→ **Activity**
Begin with the first line below and retype each line exactly through the line containing "document.getElementById('btnr').addEventListener('click', () =>". Any pictures are to be left out.

→ **Listed entries**
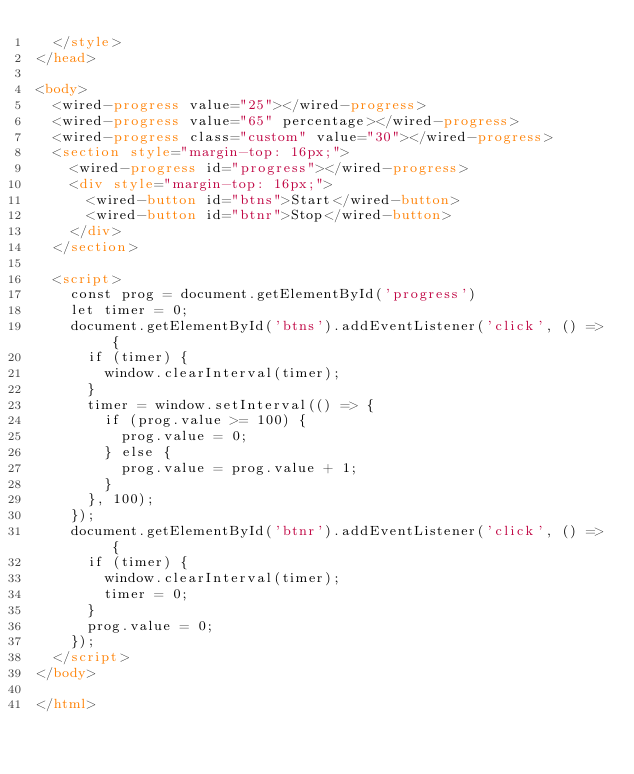<code> <loc_0><loc_0><loc_500><loc_500><_HTML_>  </style>
</head>

<body>
  <wired-progress value="25"></wired-progress>
  <wired-progress value="65" percentage></wired-progress>
  <wired-progress class="custom" value="30"></wired-progress>
  <section style="margin-top: 16px;">
    <wired-progress id="progress"></wired-progress>
    <div style="margin-top: 16px;">
      <wired-button id="btns">Start</wired-button>
      <wired-button id="btnr">Stop</wired-button>
    </div>
  </section>

  <script>
    const prog = document.getElementById('progress')
    let timer = 0;
    document.getElementById('btns').addEventListener('click', () => {
      if (timer) {
        window.clearInterval(timer);
      }
      timer = window.setInterval(() => {
        if (prog.value >= 100) {
          prog.value = 0;
        } else {
          prog.value = prog.value + 1;
        }
      }, 100);
    });
    document.getElementById('btnr').addEventListener('click', () => {
      if (timer) {
        window.clearInterval(timer);
        timer = 0;
      }
      prog.value = 0;
    });
  </script>
</body>

</html></code>

→ **Response to the exercise**
<code> <loc_0><loc_0><loc_500><loc_500><_HTML_>  </style>
</head>

<body>
  <wired-progress value="25"></wired-progress>
  <wired-progress value="65" percentage></wired-progress>
  <wired-progress class="custom" value="30"></wired-progress>
  <section style="margin-top: 16px;">
    <wired-progress id="progress"></wired-progress>
    <div style="margin-top: 16px;">
      <wired-button id="btns">Start</wired-button>
      <wired-button id="btnr">Stop</wired-button>
    </div>
  </section>

  <script>
    const prog = document.getElementById('progress')
    let timer = 0;
    document.getElementById('btns').addEventListener('click', () => {
      if (timer) {
        window.clearInterval(timer);
      }
      timer = window.setInterval(() => {
        if (prog.value >= 100) {
          prog.value = 0;
        } else {
          prog.value = prog.value + 1;
        }
      }, 100);
    });
    document.getElementById('btnr').addEventListener('click', () => {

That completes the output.